**AIM OF THE TASK**
What is the number of lines in the data that contain "each"? Nothing besides that number, please.

**MATERIAL FOR THE TASK**
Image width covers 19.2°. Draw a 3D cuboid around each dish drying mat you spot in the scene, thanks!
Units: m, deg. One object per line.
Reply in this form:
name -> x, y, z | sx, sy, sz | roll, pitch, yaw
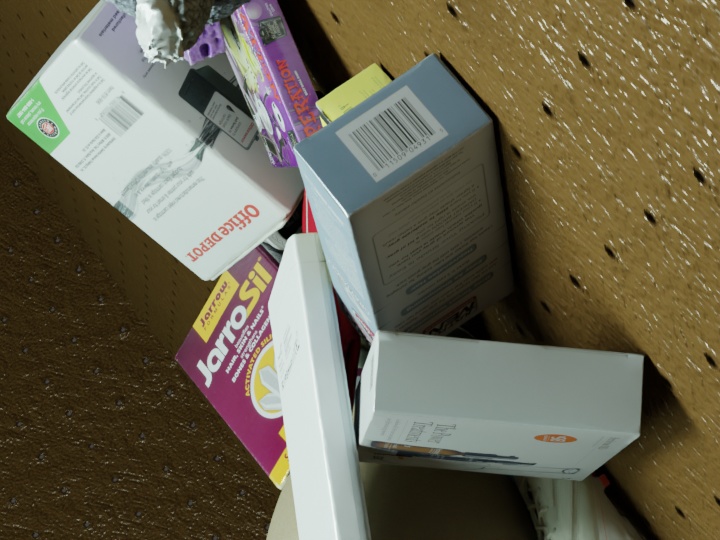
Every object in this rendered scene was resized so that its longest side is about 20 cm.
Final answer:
dish drying mat -> -0.021, 0.008, 1.422 | 0.201, 0.018, 0.077 | -100, 14, -51

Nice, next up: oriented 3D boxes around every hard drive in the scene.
hard drive -> -0.027, 0.094, 1.336 | 0.132, 0.026, 0.202 | 113, 151, -67

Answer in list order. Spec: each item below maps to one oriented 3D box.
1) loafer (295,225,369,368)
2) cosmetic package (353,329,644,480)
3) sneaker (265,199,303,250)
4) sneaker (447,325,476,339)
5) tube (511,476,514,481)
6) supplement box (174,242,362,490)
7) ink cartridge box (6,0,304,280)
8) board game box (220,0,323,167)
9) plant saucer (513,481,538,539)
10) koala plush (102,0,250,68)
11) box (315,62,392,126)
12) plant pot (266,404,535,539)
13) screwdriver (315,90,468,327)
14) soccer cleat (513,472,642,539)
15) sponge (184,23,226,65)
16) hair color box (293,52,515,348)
loafer -> 0.000, 0.000, 1.546 | 0.075, 0.070, 0.200 | 36, -163, -21
cosmetic package -> 0.075, 0.083, 1.254 | 0.200, 0.149, 0.052 | 103, 169, -77
sneaker -> -0.074, -0.084, 1.677 | 0.082, 0.075, 0.200 | 32, 166, 46
sneaker -> 0.035, 0.055, 1.546 | 0.088, 0.075, 0.200 | 59, 174, 17
tube -> 0.106, 0.156, 1.627 | 0.077, 0.050, 0.200 | 43, 166, -4
supplement box -> -0.043, 0.080, 1.726 | 0.103, 0.132, 0.200 | 19, -163, -40
ink cartridge box -> -0.140, -0.102, 1.568 | 0.200, 0.083, 0.146 | 40, 145, -12
board game box -> -0.074, -0.165, 1.420 | 0.201, 0.032, 0.120 | 67, 164, -7
plant saucer -> 0.159, 0.239, 1.555 | 0.200, 0.036, 0.200 | 43, 164, 16
koala plush -> -0.082, -0.193, 1.103 | 0.184, 0.177, 0.200 | 48, 175, -31
box -> 0.026, -0.040, 1.364 | 0.075, 0.050, 0.200 | 50, 167, 32
plant pot -> 0.026, 0.164, 1.483 | 0.200, 0.198, 0.136 | 100, 168, -76
screwdriver -> 0.022, -0.043, 1.483 | 0.200, 0.029, 0.028 | 50, 171, -14
soccer cleat -> 0.142, 0.176, 1.416 | 0.200, 0.077, 0.069 | 51, 169, 27
sponge -> -0.139, -0.245, 1.413 | 0.112, 0.030, 0.201 | -132, 25, -60
hair color box -> 0.030, -0.028, 1.241 | 0.061, 0.099, 0.200 | 51, 169, 27

**WRITTEN ANSWER**
2